**Problem description:** Only the lines with "font" in the entries below belong in the answer; please copy them.
Data provided: Begin
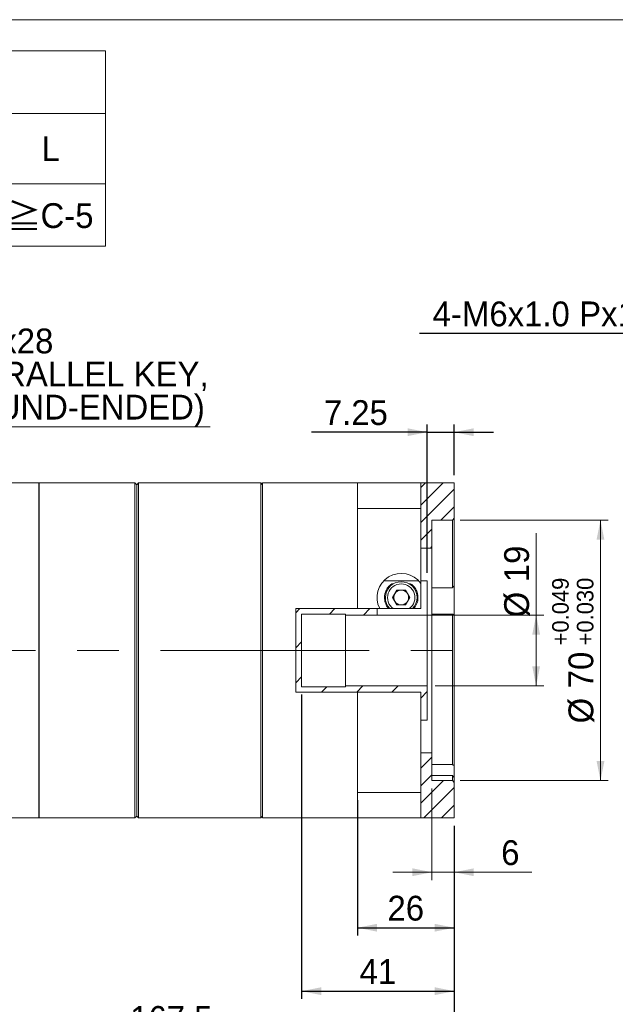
# Model space of a CAD drawing. Header units: millimetres. Extents: x 0 to 603, y 0 to 420.
# Tile 3 of 4: x 271 to 431, y 155 to 420. Entities that reach past the tile are written whole.
import ezdxf

# ---------------------------------------------------------------- set-up
doc = ezdxf.new("R2010")
doc.units = ezdxf.units.MM
doc.header["$LTSCALE"] = 2.1
doc.linetypes.add('CENTERX2', pattern=[20.32, 12.7, -2.54, 2.54, -2.54])
doc.layers.add('註解框', color=7, linetype='Continuous')
doc.styles.add('SLDTEXTSTYLE0', font='ARIAL.TTF', dxfattribs={"width": 0.948})
doc.styles.add('SLDTEXTSTYLE4', font='ARIAL.TTF', dxfattribs={"width": 0.948, "bigfont": 'bigfont'})
doc.styles.add('SLDTEXTSTYLE5', font='MINGLIU.TTC', dxfattribs={"bigfont": 'bigfont'})
doc.dimstyles.new('SLDDIMSTYLE1', dxfattribs={"dimtxt": 6.472163, "dimasz": 5.25, "dimexe": 0, "dimexo": 0.0625, "dimgap": 1.618041, "dimtad": 1, "dimdec": 4, "dimrnd": 1e-09, "dimzin": 12, "dimdsep": 46, "dimtxsty": 'SLDTEXTSTYLE0', "dimsah": 1, "dimcen": 0.09, "dimadec": 0, "dimazin": 0, "dimtfac": 1, "dimtdec": 4, "dimtofl": 0, "dimtmove": 0, "dimatfit": 3, "dimfxl": 0, "dimtolj": 1, "dimtzin": 12, "dimarcsym": 0})
doc.dimstyles.new('SLDDIMSTYLE10', dxfattribs={"dimtxt": 6.472163, "dimasz": 5.25, "dimexe": 0, "dimexo": 0.0625, "dimgap": 1.618041, "dimtad": 0, "dimtih": 1, "dimtoh": 1, "dimdec": 0, "dimrnd": 1e-09, "dimzin": 12, "dimdsep": 46, "dimtxsty": 'SLDTEXTSTYLE0', "dimsah": 1, "dimcen": 0.09, "dimadec": 0, "dimazin": 0, "dimtfac": 1, "dimtdec": 4, "dimtmove": 0, "dimatfit": 3, "dimfxl": 0, "dimtolj": 1, "dimtzin": 12, "dimarcsym": 0})
doc.dimstyles.new('SLDDIMSTYLE5', dxfattribs={"dimtxt": 6.472163, "dimasz": 5.25, "dimexe": 0, "dimexo": 0.0625, "dimgap": 1.618041, "dimtad": 1, "dimdec": 4, "dimrnd": 1e-09, "dimzin": 12, "dimdsep": 46, "dimtxsty": 'SLDTEXTSTYLE0', "dimsah": 1, "dimcen": 0.09, "dimadec": 0, "dimazin": 0, "dimtol": 1, "dimtp": 0.049, "dimtm": -0.03, "dimtfac": 1, "dimtdec": 3, "dimtofl": 0, "dimtmove": 0, "dimatfit": 3, "dimfxl": 0, "dimtolj": 1, "dimtzin": 0, "dimarcsym": 0})
doc.dimstyles.new('SLDDIMSTYLE6', dxfattribs={"dimtxt": 6.472163, "dimasz": 5.25, "dimexe": 0, "dimexo": 0.0625, "dimgap": 1.618041, "dimtad": 1, "dimdec": 4, "dimrnd": 1e-09, "dimzin": 12, "dimdsep": 46, "dimtxsty": 'SLDTEXTSTYLE0', "dimsah": 1, "dimcen": 0.09, "dimadec": 0, "dimazin": 0, "dimtfac": 1, "dimtdec": 4, "dimtofl": 0, "dimtmove": 0, "dimatfit": 3, "dimfxl": 0, "dimtolj": 1, "dimtzin": 12, "dimarcsym": 0})

# ---------------------------------------------------------------- blocks, each defined once
blk = doc.blocks.new('SW_TABLEANNOTATION_0')
at = {"color": 0, "linetype": 'Continuous', "lineweight": 0}
for p, q in [((0, 0), (0, -52.5)), ((262.5, 0), (0, 0)), ((262.5, -52.5), (262.5, 0)), ((0, -16.8), (262.5, -16.8)), ((42, -16.8), (42, -52.5)), ((71.4, -16.8), (71.4, -52.5)), ((100.8, -16.8), (100.8, -52.5)), ((126, -16.8), (126, -52.5)), ((157.5, -16.8), (157.5, -52.5)), ((195.3, -16.8), (195.3, -52.5)), ((233.1, -16.8), (233.1, -52.5)), ((0, -35.7), (262.5, -35.7)), ((0, -52.5), (262.5, -52.5))]:
    blk.add_line(p, q, dxfattribs=at)
at = {"color": 0, "linetype": 'Continuous', "lineweight": 0, "attachment_point": 1}
for s, insert, char_height, style in [('COMPATIBLE MOTOR DIMENSIONS', (55.44, -5.1), 6.6675, 'SLDTEXTSTYLE0'), ('A', (18.04, -22.95), 6.67, 'SLDTEXTSTYLE0'), ('B', (53.74, -22.95), 6.67, 'SLDTEXTSTYLE0'), ('C', (82.89, -22.95), 6.67, 'SLDTEXTSTYLE0'), ('D', (110.19, -22.95), 6.67, 'SLDTEXTSTYLE0'), ('E', (138.79, -22.95), 6.67, 'SLDTEXTSTYLE0'), ('F', (173.68, -22.95), 6.67, 'SLDTEXTSTYLE0'), ('H', (210.99, -22.95), 6.67, 'SLDTEXTSTYLE0'), ('L', (245.33, -22.95), 6.67, 'SLDTEXTSTYLE0'), ('\\M+1818519', (11.62, -40.8), 6.667, 'SLDTEXTSTYLE4'), ('70', (51.76, -40.8), 6.667, 'SLDTEXTSTYLE0'), ('\\M+1818540', (76.72, -40.8), 6.667, 'SLDTEXTSTYLE4'), ('\\M+181855', (106.49, -40.8), 6.667, 'SLDTEXTSTYLE4'), ('90', (136.81, -40.8), 6.667, 'SLDTEXTSTYLE0'), ('6.1~8.0', (161.46, -40.8), 6.667, 'SLDTEXTSTYLE0'), ('80~100', (199.26, -40.8), 6.667, 'SLDTEXTSTYLE0'), ('\\M+18186', (236.19, -41.07), 6.667, 'SLDTEXTSTYLE5'), ('C-5', (245.08, -40.92), 6.667, 'SLDTEXTSTYLE0')]:
    blk.add_mtext(s, dxfattribs=dict(at, insert=insert, char_height=char_height, style=style))
blk = doc.blocks.new('*D18')
at = {"color": 7, "linetype": 'Continuous', "lineweight": 0}
for p, q in [((389.73, 285.53), (429.51, 285.53)), ((427.41, 285.53), (427.41, 215.53)), ((389.73, 215.53), (429.51, 215.53))]:
    blk.add_line(p, q, dxfattribs=at)
for points in [[(427.41, 285.53), (426.36, 280.28), (428.46, 280.28)], [(427.41, 215.53), (428.46, 220.78), (426.36, 220.78)]]:
    blk.add_solid(points, dxfattribs=at)
at = {"color": 7, "linetype": 'Continuous', "lineweight": 0, "attachment_point": 1, "rotation": 90, "style": 'SLDTEXTSTYLE0'}
for s, insert, char_height in [('0.049', (414.43, 255.33), 4.445), ('0.030', (421.06, 255.33), 4.445), ('+', (414.43, 251.88), 4.44), ('+', (421.06, 251.88), 4.44), ('70', (418.81, 240.36), 6.667), ('%%c', (418.81, 230.92), 6.667)]:
    blk.add_mtext(s, dxfattribs=dict(at, insert=insert, char_height=char_height))
blk = doc.blocks.new('*D19')
at = {"color": 7, "linetype": 'Continuous', "lineweight": 0}
for p, q in [((410.13, 260.03), (410.13, 282.07)), ((369.48, 260.03), (412.23, 260.03)), ((410.13, 241.03), (410.13, 260.03)), ((382.98, 241.03), (412.23, 241.03))]:
    blk.add_line(p, q, dxfattribs=at)
for points in [[(410.13, 260.03), (409.08, 254.78), (411.18, 254.78)], [(410.13, 241.03), (411.18, 246.28), (409.08, 246.28)]]:
    blk.add_solid(points, dxfattribs=at)
at = {"color": 7, "linetype": 'Continuous', "lineweight": 0, "char_height": 6.667, "attachment_point": 1, "rotation": 90, "style": 'SLDTEXTSTYLE0'}
for s, insert in [('19', (401.54, 268.86)), ('%%c', (401.54, 259.42))]:
    blk.add_mtext(s, dxfattribs=dict(at, insert=insert))
blk = doc.blocks.new('*D29')
at = {"color": 7, "linetype": 'Continuous', "lineweight": 0}
for p, q in [((382.13, 213.43), (382.13, 188.82)), ((388.13, 203.43), (388.13, 188.82)), ((382.13, 190.92), (371.63, 190.92)), ((388.13, 190.92), (382.13, 190.92)), ((388.13, 190.92), (409.01, 190.92))]:
    blk.add_line(p, q, dxfattribs=at)
for points in [[(382.13, 190.92), (376.88, 191.97), (376.88, 189.87)], [(388.13, 190.92), (393.38, 189.87), (393.38, 191.97)]]:
    blk.add_solid(points, dxfattribs=at)
at = {"color": 7, "linetype": 'Continuous', "lineweight": 0, "insert": (400.74, 199.52), "char_height": 6.67, "attachment_point": 1, "style": 'SLDTEXTSTYLE0'}
blk.add_mtext('6', dxfattribs=at)
blk = doc.blocks.new('*D30')
at = {"layer": '註解框', "color": 7}
for p, q in [((380.88, 271.37), (380.88, 311.26)), ((388.13, 297.63), (388.13, 311.26)), ((380.88, 309.16), (349.78, 309.16)), ((380.88, 309.16), (388.13, 309.16)), ((388.13, 309.16), (398.63, 309.16))]:
    blk.add_line(p, q, dxfattribs=at)
for points in [[(380.88, 309.16), (375.63, 310.21), (375.63, 308.11)], [(388.13, 309.16), (393.38, 308.11), (393.38, 310.21)]]:
    blk.add_solid(points, dxfattribs=at)
at = {"layer": '註解框', "color": 7, "insert": (353.11, 317.76), "char_height": 6.667, "attachment_point": 1, "style": 'SLDTEXTSTYLE0'}
blk.add_mtext('7.25', dxfattribs=at)
blk = doc.blocks.new('*D31')
at = {"layer": '註解框', "color": 7}
for p, q in [((220.63, 238.43), (220.63, 144.27)), ((388.13, 203.43), (388.13, 144.27)), ((220.63, 146.37), (388.13, 146.37))]:
    blk.add_line(p, q, dxfattribs=at)
for points in [[(220.63, 146.37), (225.88, 145.32), (225.88, 147.42)], [(388.13, 146.37), (382.88, 147.42), (382.88, 145.32)]]:
    blk.add_solid(points, dxfattribs=at)
at = {"layer": '註解框', "color": 7, "insert": (301.07, 154.97), "char_height": 6.667, "attachment_point": 1, "style": 'SLDTEXTSTYLE0'}
blk.add_mtext('167.5', dxfattribs=at)
blk = doc.blocks.new('*D32')
at = {"layer": '註解框', "color": 7}
for p, q in [((347.13, 238.68), (347.13, 156.87)), ((388.13, 203.43), (388.13, 156.87)), ((347.13, 158.97), (388.13, 158.97))]:
    blk.add_line(p, q, dxfattribs=at)
for points in [[(347.13, 158.97), (352.38, 157.92), (352.38, 160.02)], [(388.13, 158.97), (382.88, 160.02), (382.88, 157.92)]]:
    blk.add_solid(points, dxfattribs=at)
at = {"layer": '註解框', "color": 7, "insert": (362.7, 167.57), "char_height": 6.667, "attachment_point": 1, "style": 'SLDTEXTSTYLE0'}
blk.add_mtext('41', dxfattribs=at)
blk = doc.blocks.new('*D33')
at = {"layer": '註解框', "color": 7}
for p, q in [((362.13, 210.27), (362.13, 173.91)), ((388.13, 203.43), (388.13, 173.91)), ((362.13, 176.01), (388.13, 176.01))]:
    blk.add_line(p, q, dxfattribs=at)
for points in [[(362.13, 176.01), (367.38, 174.96), (367.38, 177.06)], [(388.13, 176.01), (382.88, 177.06), (382.88, 174.96)]]:
    blk.add_solid(points, dxfattribs=at)
at = {"layer": '註解框', "color": 7, "insert": (370.2, 184.6), "char_height": 6.667, "attachment_point": 1, "style": 'SLDTEXTSTYLE0'}
blk.add_mtext('26', dxfattribs=at)
blk = doc.blocks.new('SW_NOTE_4')
at = {"color": 0, "linetype": 'Continuous', "lineweight": 0}
for p, q in [((0, 0), (70.63, 0)), ((70.63, 0), (0, 0)), ((0, 0), (70.63, 0)), ((70.63, 0), (0, 0)), ((0, 0), (70.63, 0)), ((70.63, 0), (0, 0))]:
    blk.add_line(p, q, dxfattribs=at)
at = {"color": 0, "linetype": 'Continuous', "lineweight": 0, "attachment_point": 1, "style": 'SLDTEXTSTYLE0'}
for s, insert, char_height in [('6x6x28', (0, 26.38), 6.667), ('(PARALLEL KEY,', (0, 17.49), 6.6675), ('ROUND-ENDED)', (0, 8.6), 6.6675)]:
    blk.add_mtext(s, dxfattribs=dict(at, insert=insert, char_height=char_height))
blk = doc.blocks.new('*D40')
at = {"layer": '註解框'}
for p, q in [((480.34, 335.69), (378.76, 335.69)), ((494.2, 284.76), (480.34, 335.69)), ((495.51, 279.94), (494.2, 284.76))]:
    blk.add_line(p, q, dxfattribs=at)
blk.add_solid([(494.2, 284.76), (493.83, 290.1), (491.81, 289.55)], dxfattribs=at)
at = {"layer": '註解框', "char_height": 6.667, "attachment_point": 1, "style": 'SLDTEXTSTYLE0'}
for s, insert in [('4-', (382.32, 344.28)), ('M6x1.0', (390.22, 344.28)), ('Px', (421.68, 344.28)), ('12', (432.05, 344.28)), ('(DEPTH)', (442.71, 344.28))]:
    blk.add_mtext(s, dxfattribs=dict(at, insert=insert))

msp = doc.modelspace()

# ---------------------------------------------------------------- hatches: boundary and pattern name
at = {"linetype": 'Continuous', "lineweight": 0}
h = msp.add_hatch(dxfattribs=at)
h.set_pattern_fill('ANSI31', scale=1.05, style=0)
h.paths.add_polyline_path([(388.133672, 295.531004), (379.17246, 295.531004), (379.17246, 278.031004), (382.133672, 278.031004), (382.133672, 285.531004), (387.633672, 285.531004), (388.133672, 286.031004)], flags=0)
h = msp.add_hatch(dxfattribs=at)
h.set_pattern_fill('ANSI31', scale=2.1, style=0)
h.paths.add_polyline_path([(367.383672, 261.756417), (345.529952, 261.756417), (345.529952, 239.348713), (379.17246, 239.348713), (379.17246, 231.781004), (380.883672, 231.781004), (380.883672, 241.031004), (358.883672, 241.031004), (358.883672, 240.781004), (347.133672, 240.781004), (347.133672, 260.281004), (358.883672, 260.281004), (358.883672, 260.031004), (367.383672, 260.031004)], flags=0)
h = msp.add_hatch(dxfattribs=at)
h.set_pattern_fill('ANSI31', scale=1.05, style=0)
h.paths.add_polyline_path([(379.17246, 205.531004), (388.133672, 205.531004), (388.133672, 215.031004), (387.633672, 215.531004), (382.133672, 215.531004), (382.133672, 223.031004), (379.17246, 223.031004)], flags=0)

# ---------------------------------------------------------------- linework, layer by layer
at = {"color": 7, "linetype": 'Continuous', "lineweight": 0}
msp.add_line((21, 420), (602.7, 420), dxfattribs=at)
at = {"color": 7, "linetype": 'Continuous', "lineweight": 15}
for p, q in [((276.533675, 295.531006), (261.633676, 295.531006)), ((276.633669, 295.531006), (276.533675, 295.431004)), ((276.533675, 205.531003), (276.533675, 295.531006)), ((302.333672, 295.531006), (276.633669, 295.531006)), ((276.633669, 250.531004), (276.633669, 295.531006)), ((302.833673, 295.031005), (302.333672, 295.531006)), ((302.333672, 250.531004), (302.333672, 295.531006)), ((303.333674, 295.531006), (302.833673, 295.031005)), ((302.833673, 250.531004), (302.833673, 295.031005)), ((336.133671, 295.531006), (303.333674, 295.531006)), ((303.333674, 250.531004), (303.333674, 295.531006)), ((336.633672, 295.031005), (336.133671, 295.531006)), ((336.133671, 250.531004), (336.133671, 295.531006)), ((362.133671, 295.531006), (336.633672, 295.531006)), ((336.633672, 205.531003), (336.633672, 295.531006)), ((379.17246, 295.531006), (362.133671, 295.531006)), ((362.133671, 288.688572), (362.133671, 295.531006)), ((379.17246, 295.531006), (379.17246, 288.688572)), ((388.133672, 295.531006), (379.17246, 295.531006)), ((388.133672, 286.031005), (388.133672, 295.531006)), ((362.133671, 288.688572), (379.17246, 288.688572)), ((362.133671, 261.756418), (362.133671, 288.688572)), ((379.17246, 268.509723), (379.17246, 288.688572)), ((388.133672, 286.031005), (387.633672, 285.531004)), ((388.133672, 286.031005), (388.133672, 267.881812)), ((387.633672, 285.531004), (382.133672, 285.531004)), ((382.133672, 285.531004), (382.133672, 278.031004)), ((387.633672, 267.385667), (387.633672, 285.531004)), ((382.133672, 278.031004), (379.17246, 278.031004)), ((382.133672, 278.031004), (382.133672, 223.031004)), ((369.227082, 269.265998), (378.540261, 269.265998)), ((371.837834, 268.456196), (371.359202, 268.456196)), ((376.408141, 268.456196), (375.929508, 268.456196)), ((380.883672, 269.265998), (379.17246, 269.265998)), ((379.17246, 268.509723), (379.17246, 261.756418)), ((380.883672, 260.001353), (380.883672, 269.265998)), ((387.633672, 267.385667), (382.133672, 267.385667)), ((388.133672, 260.161897), (388.133672, 267.881812)), ((372.728971, 266.731005), (371.57427, 264.731004)), ((371.57427, 264.731004), (372.728971, 262.731004)), ((375.038372, 266.731005), (372.728971, 266.731005)), ((376.193073, 264.731004), (375.038372, 266.731005)), ((375.038372, 262.731004), (376.193073, 264.731004)), ((372.728971, 262.731004), (375.038372, 262.731004)), ((362.133671, 261.756418), (345.529952, 261.756418)), ((345.529952, 261.756418), (345.529952, 239.348713)), ((358.883672, 260.281005), (347.13367, 260.281005)), ((347.13367, 260.281005), (347.13367, 240.781004)), ((358.883672, 260.031004), (358.883672, 260.281005)), ((367.383672, 260.031004), (358.883672, 260.031004)), ((358.883672, 260.031004), (358.883672, 241.031005)), ((362.133671, 261.756418), (368.10424, 261.756418)), ((367.383672, 261.756418), (367.383672, 260.031004)), ((367.383672, 260.001353), (367.383672, 260.031004)), ((367.383672, 260.001353), (380.883672, 260.001353)), ((370.507012, 261.756418), (368.10424, 261.756418)), ((370.507012, 261.756418), (370.742655, 261.756418)), ((370.848159, 261.756418), (371.711396, 261.756418)), ((371.711396, 261.756418), (376.055946, 261.756418)), ((376.055946, 261.756418), (376.919183, 261.756418)), ((377.024687, 261.756418), (377.260332, 261.756418)), ((379.17246, 261.756418), (377.260332, 261.756418)), ((380.883672, 260.001353), (380.883672, 241.031005)), ((382.133672, 260.303054), (387.633672, 260.303054)), ((387.633672, 219.856578), (387.633672, 260.303054)), ((388.133672, 260.161897), (388.133672, 219.560058)), ((276.633669, 205.531003), (276.633669, 250.531004)), ((302.333672, 205.531003), (302.333672, 250.531004)), ((302.833673, 206.031004), (302.833673, 250.531004)), ((303.333674, 205.531003), (303.333674, 250.531004)), ((336.133671, 205.531003), (336.133671, 250.531004)), ((347.13367, 240.781004), (358.883672, 240.781004)), ((358.883672, 240.781004), (358.883672, 241.031005)), ((358.883672, 241.031005), (380.883672, 241.031005)), ((380.883672, 231.781004), (380.883672, 241.031005)), ((345.529952, 239.348713), (362.133671, 239.348713)), ((362.133671, 212.373437), (362.133671, 239.348713)), ((379.17246, 239.348713), (362.133671, 239.348713)), ((379.17246, 212.373437), (379.17246, 239.348713)), ((380.883672, 231.781004), (379.17246, 231.781004)), ((379.17246, 223.031004), (382.133672, 223.031004)), ((382.133672, 223.031004), (382.133672, 215.531004)), ((387.633672, 219.856578), (382.133672, 219.856578)), ((388.133672, 216.369954), (388.133672, 219.560058)), ((382.133672, 216.922866), (387.633672, 216.922866)), ((382.133672, 215.531004), (387.633672, 215.531004)), ((387.633672, 215.531004), (387.633672, 216.922866)), ((387.633672, 215.531004), (388.133672, 215.031003)), ((388.133672, 216.362366), (388.133672, 215.031003)), ((388.133672, 205.531003), (388.133672, 215.031003)), ((362.133671, 205.531003), (362.133671, 212.373437)), ((379.17246, 212.373437), (362.133671, 212.373437)), ((379.17246, 212.373437), (379.17246, 205.531003)), ((261.633676, 205.531003), (276.533675, 205.531003)), ((276.533675, 205.631004), (276.633669, 205.531003)), ((276.633669, 205.531003), (302.333672, 205.531003)), ((302.333672, 205.531003), (302.833673, 206.031004)), ((302.833673, 206.031004), (303.333674, 205.531003)), ((303.333674, 205.531003), (336.133671, 205.531003)), ((336.133671, 205.531003), (336.633672, 206.031004)), ((336.633672, 205.531003), (362.133671, 205.531003)), ((362.133671, 205.531003), (379.17246, 205.531003)), ((379.17246, 205.531003), (388.133672, 205.531003))]:
    msp.add_line(p, q, dxfattribs=at)
at = {"color": 7, "linetype": 'CENTERX2', "lineweight": 0, "ltscale": 2.1}
msp.add_line((219.633672, 250.531004), (391.541088, 250.531004), dxfattribs=at)
at = {"color": 7, "linetype": 'Continuous', "lineweight": 15}
for radius, start, end in [(6.5, 35.54494184, 207.23420022), (4.25, 315.58079507, 224.41920493), (3.683333, 306.1398265, 233.8601735), (2, 150, 210), (2, 90, 150), (2, 30, 90), (2, 330, 30), (2, 210, 270), (2, 270, 330)]:
    msp.add_arc((373.883672, 264.731004), radius, start, end, dxfattribs=at)
for points, knots in [([(371.359202, 268.456196), (370.999519, 268.165786), (370.280983, 267.585634), (369.664265, 266.44877), (369.398212, 265.35567), (369.360648, 264.493159), (369.497242, 263.628569), (369.80258, 262.708848), (370.253018, 262.099831), (370.507012, 261.756418)], [0, 0, 0, 0, 0.2298631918, 0.4591970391, 0.5746763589, 0.690022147, 0.7842542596, 0.8783449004, 1, 1, 1, 1]), ([(377.260332, 261.756418), (377.423064, 261.963184), (377.960828, 262.646461), (378.336966, 263.765056), (378.415354, 264.914757), (378.25113, 265.999282), (377.803315, 267.050317), (377.135482, 267.905762), (376.623449, 268.293256), (376.408141, 268.456196)], [0, 0, 0, 0, 0.0745066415, 0.2462132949, 0.3681955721, 0.4903912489, 0.677152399, 0.8642440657, 1, 1, 1, 1])]:
    msp.add_open_spline(points, degree=3, knots=knots, dxfattribs=at)
for points in [[(388.133672, 267.881811), (387.963652, 267.724556), (387.796831, 267.559465), (387.633672, 267.385666)], [(387.633672, 260.303053), (387.796831, 260.244273), (387.963652, 260.197586), (388.133672, 260.161897)], [(388.133672, 219.560058), (387.963652, 219.666842), (387.796831, 219.765908), (387.633672, 219.856579)], [(387.633672, 216.922864), (387.796831, 216.735857), (387.963652, 216.549069), (388.133672, 216.362365)]]:
    msp.add_open_spline(points, degree=3, dxfattribs=at)

# ---------------------------------------------------------------- block references
at = {"color": 7, "linetype": 'Continuous', "lineweight": 0}
for name, p in [('SW_TABLEANNOTATION_0', (31.920659, 411.612789)), ('SW_NOTE_4', (251.969462, 310.632607))]:
    msp.add_blockref(name, p, dxfattribs=at)

# ---------------------------------------------------------------- dimensions: what is measured, and where the dimension line sits
for base, p1, p2, dimstyle, picture, middle in [((427.40565, 215.531004), (387.633672, 285.531004), (387.633672, 215.531004), 'SLDDIMSTYLE5', '*D18', (427.40565, 250.531004)), ((410.133672, 260.031004), (380.883672, 241.031004), (367.383672, 260.031004), 'SLDDIMSTYLE1', '*D19', (410.133672, 269.077815))]:
    dim = msp.add_linear_dim(base=base, p1=p1, p2=p2, angle=90, text='%%c<>', dimstyle=dimstyle, dxfattribs=at)
    dim.commit()
    dim.dimension.update_dxf_attribs({"geometry": picture, "text_midpoint": middle, "dimtype": 160})
dim = msp.add_linear_dim(base=(382.133672, 190.924266), p1=(388.133672, 205.531004), p2=(382.133672, 215.531004), dimstyle='SLDDIMSTYLE6', dxfattribs=at)
dim.commit()
dim.dimension.update_dxf_attribs({"geometry": '*D29', "text_midpoint": (403.204207, 190.924266), "dimtype": 160})
at = {"layer": '註解框'}
dim = msp.add_diameter_dim_2p(p1=(495.511649, 279.938523), p2=(494.198832, 284.763096), text='4-M6x1.0Px12(DEPTH)\\P', dimstyle='SLDDIMSTYLE10', override={"dimpost": '<>'}, dxfattribs=at)
dim.commit()
dim.dimension.update_dxf_attribs({"geometry": '*D40', "text_midpoint": (428.7609, 340.657414), "dimtype": 163})
at = {"layer": '註解框', "color": 7}
for base, p1, p2, dimstyle, picture, middle in [((388.133672, 309.164324), (380.883672, 269.265998), (388.133672, 295.531004), 'SLDDIMSTYLE6', '*D30', (361.75473, 309.164324)), ((388.133672, 158.971633), (347.133672, 240.781004), (388.133672, 205.531004), 'SLDDIMSTYLE1', '*D32', (367.633672, 158.971633)), ((388.133672, 176.007231), (362.133672, 212.373436), (388.133672, 205.531004), 'SLDDIMSTYLE1', '*D33', (375.133672, 176.007231))]:
    dim = msp.add_linear_dim(base=base, p1=p1, p2=p2, dimstyle=dimstyle, dxfattribs=at)
    dim.commit()
    dim.dimension.update_dxf_attribs({"geometry": picture, "text_midpoint": middle, "dimtype": 160})
dim = msp.add_linear_dim(base=(388.133672, 146.371633), p1=(220.633672, 240.531004), p2=(388.133672, 205.531004), angle=0, dimstyle='SLDDIMSTYLE1', dxfattribs=at)
dim.commit()
dim.dimension.update_dxf_attribs({"geometry": '*D31', "text_midpoint": (312.186641, 146.371633), "dimtype": 160})

doc.saveas('drawing.dxf')
Data provided: End
**The answer:**
doc.styles.add('SLDTEXTSTYLE0', font='ARIAL.TTF', dxfattribs={"width": 0.948})
doc.styles.add('SLDTEXTSTYLE4', font='ARIAL.TTF', dxfattribs={"width": 0.948, "bigfont": 'bigfont'})
doc.styles.add('SLDTEXTSTYLE5', font='MINGLIU.TTC', dxfattribs={"bigfont": 'bigfont'})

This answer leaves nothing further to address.